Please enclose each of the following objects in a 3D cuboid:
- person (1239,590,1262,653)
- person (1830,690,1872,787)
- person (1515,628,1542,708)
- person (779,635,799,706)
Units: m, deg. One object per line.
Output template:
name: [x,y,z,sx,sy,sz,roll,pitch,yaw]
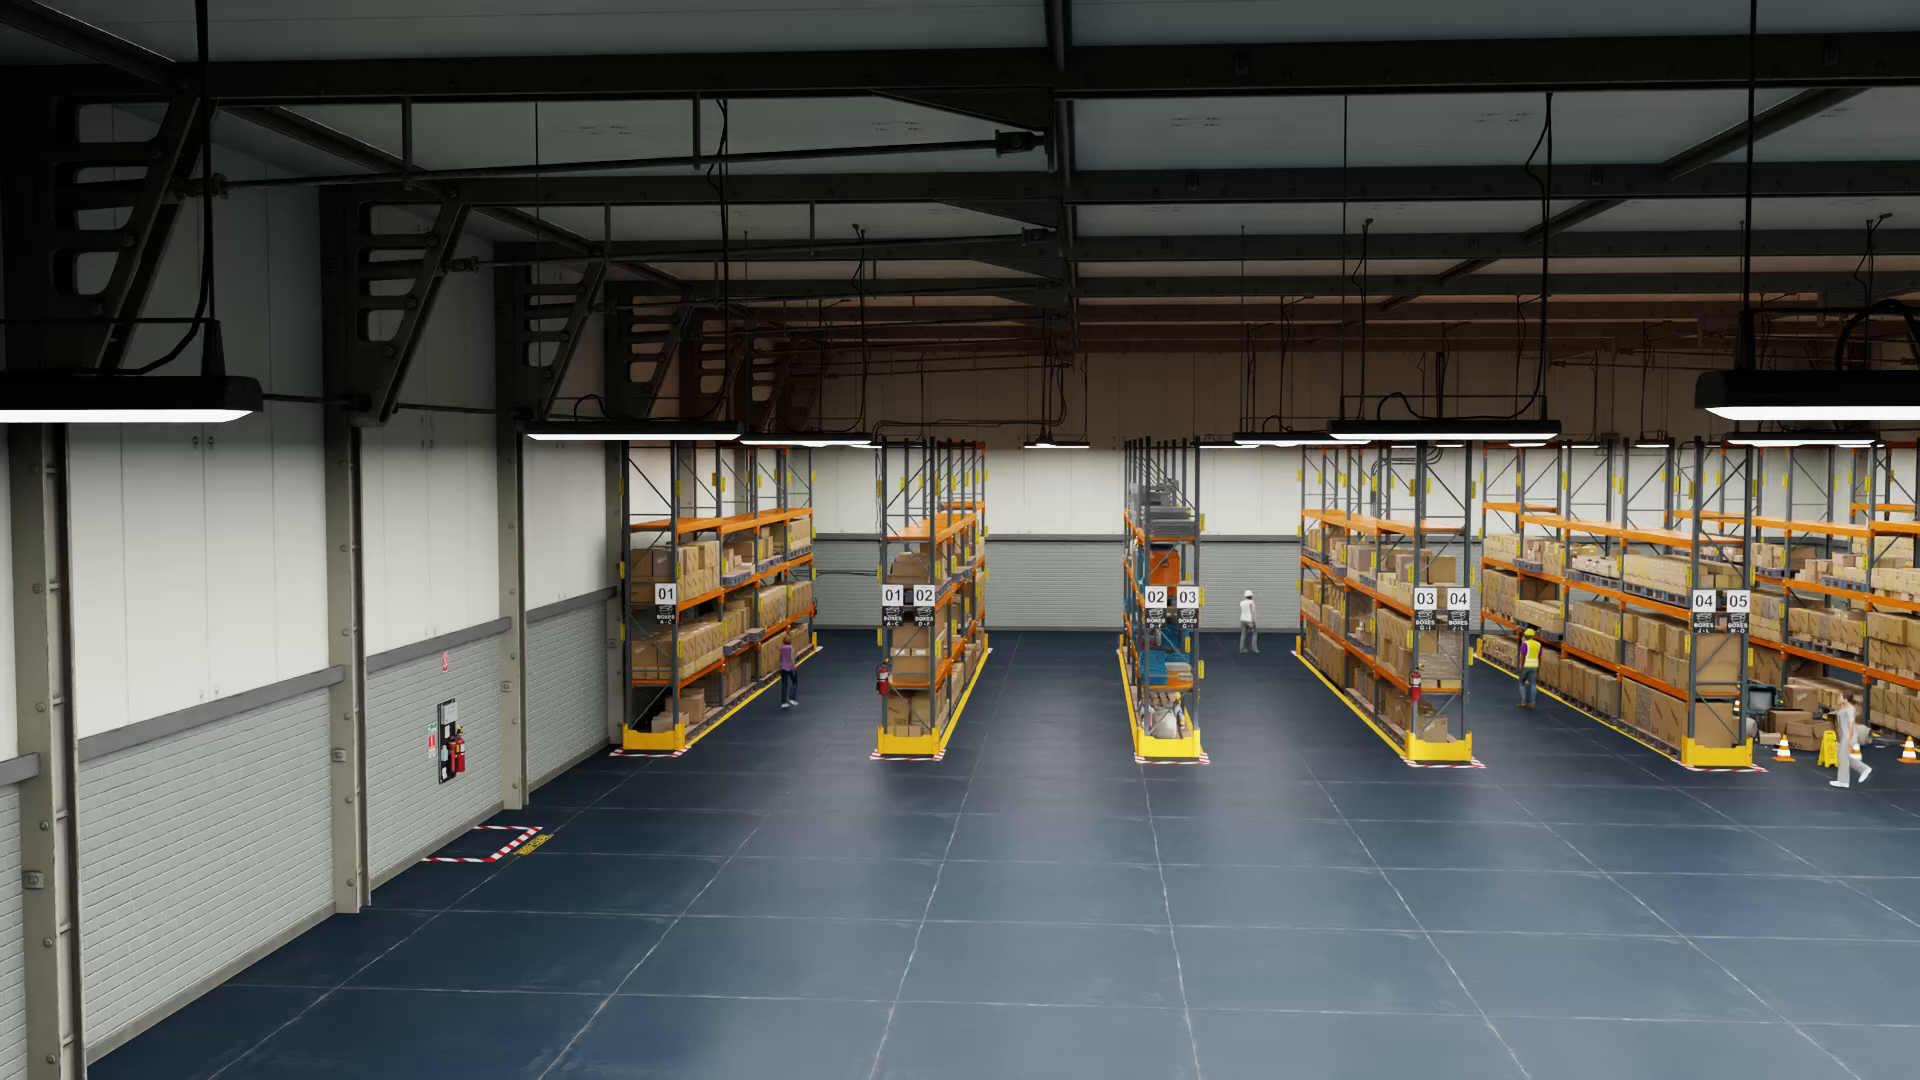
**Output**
person: [8.170,2.338,47.172,0.557,1.805,0.676,3,4,44]
person: [15.175,3.368,28.279,0.686,1.655,0.451,1,3,13]
person: [12.721,2.883,37.071,0.552,1.809,0.602,0,3,0]
person: [-3.883,2.940,37.236,0.435,1.608,0.514,1,3,16]
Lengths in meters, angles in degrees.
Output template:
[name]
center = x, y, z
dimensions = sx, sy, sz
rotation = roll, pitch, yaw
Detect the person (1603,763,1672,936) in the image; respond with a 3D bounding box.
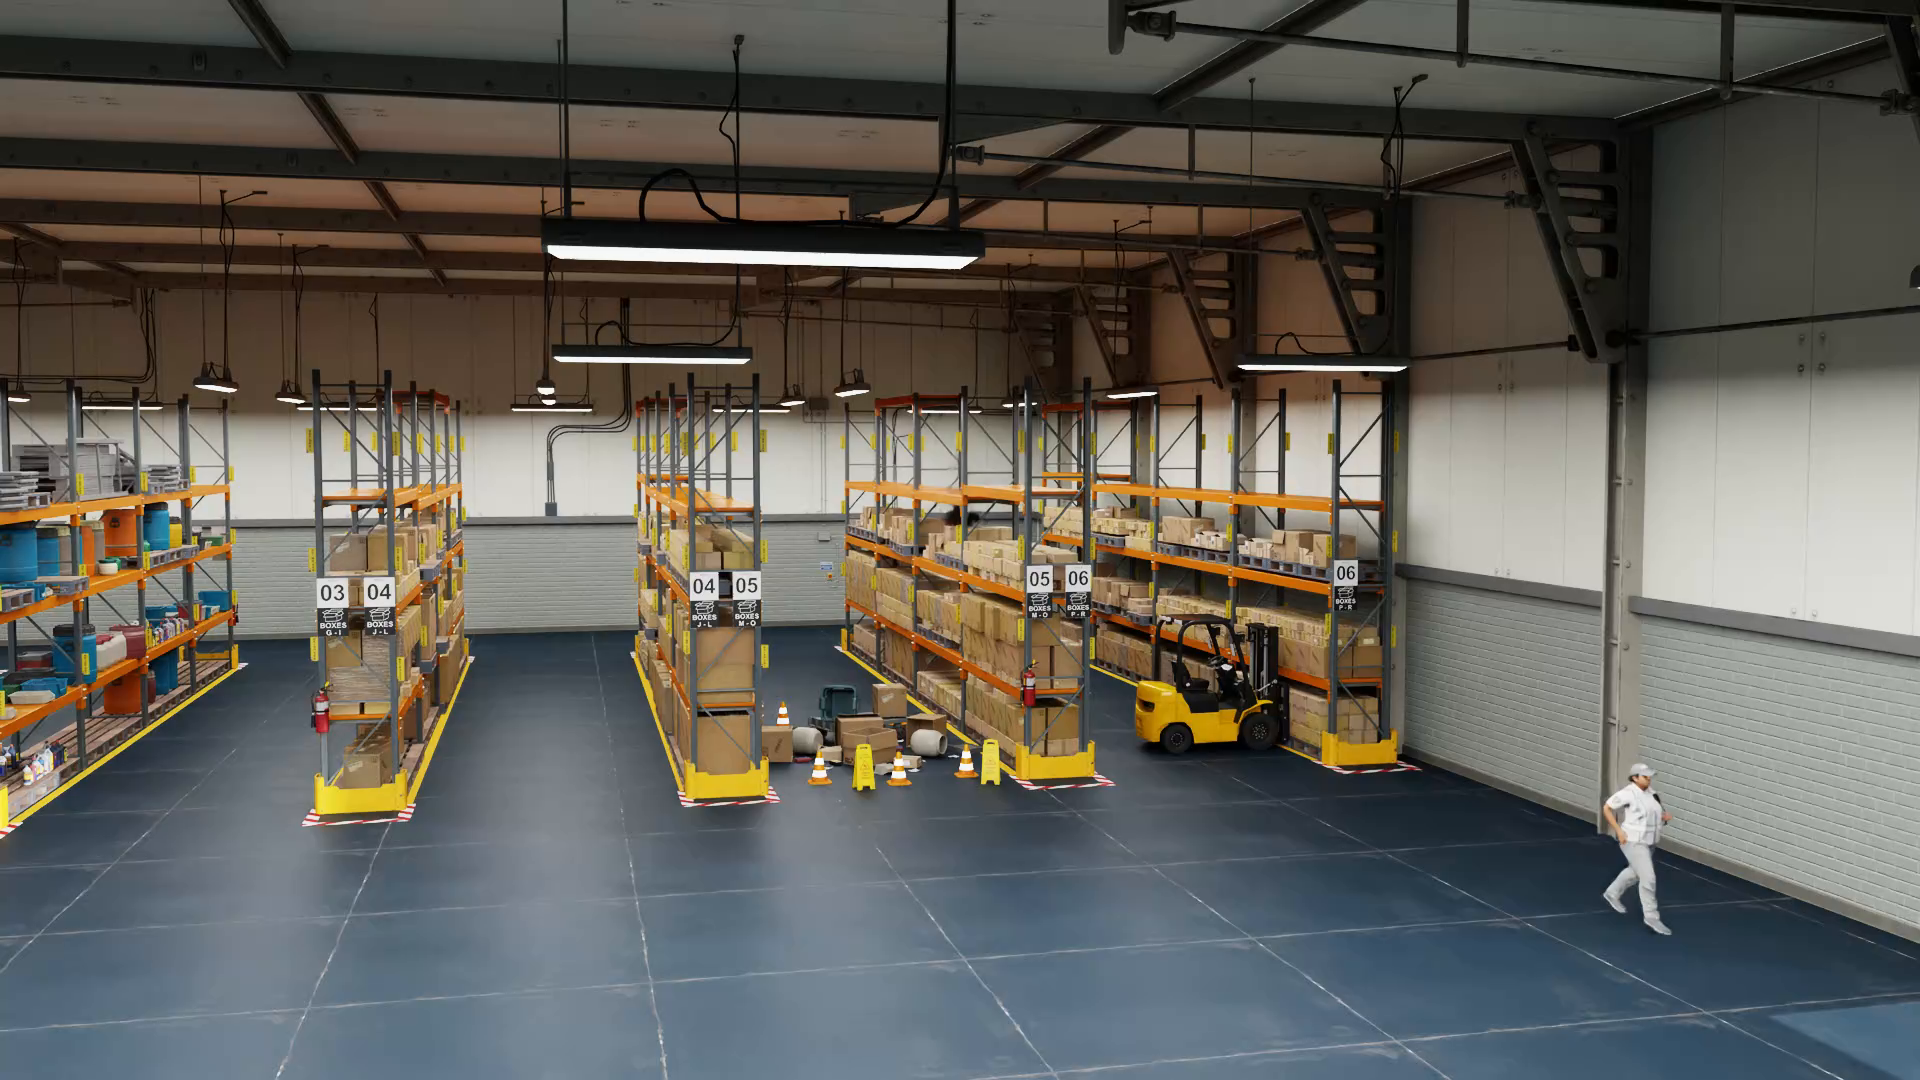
[person]
center = 7.049, 3.159, 17.288
dimensions = 0.594, 1.696, 0.878
rotation = -2, 4, -36

——————————

[Aim of the exercise] Would you output the data above exactly as written, but with no images?

[Exercise response]
Please enclose each of the following objects in a 3D cuboid:
- person (1239,590,1262,653)
- person (1830,690,1872,787)
- person (1515,628,1542,708)
- person (779,635,799,706)
Units: m, deg. One object per line.
Output template:
name: [x,y,z,sx,sy,sz,roll,pitch,yaw]
**Output**
person: [8.170,2.338,47.172,0.557,1.805,0.676,3,4,44]
person: [15.175,3.368,28.279,0.686,1.655,0.451,1,3,13]
person: [12.721,2.883,37.071,0.552,1.809,0.602,0,3,0]
person: [-3.883,2.940,37.236,0.435,1.608,0.514,1,3,16]
Lengths in meters, angles in degrees.
Output template:
[name]
center = x, y, z
dimensions = sx, sy, sz
rotation = roll, pitch, yaw
Detect the person (1603,763,1672,936) in the image; respond with a 3D bounding box.
[person]
center = 7.049, 3.159, 17.288
dimensions = 0.594, 1.696, 0.878
rotation = -2, 4, -36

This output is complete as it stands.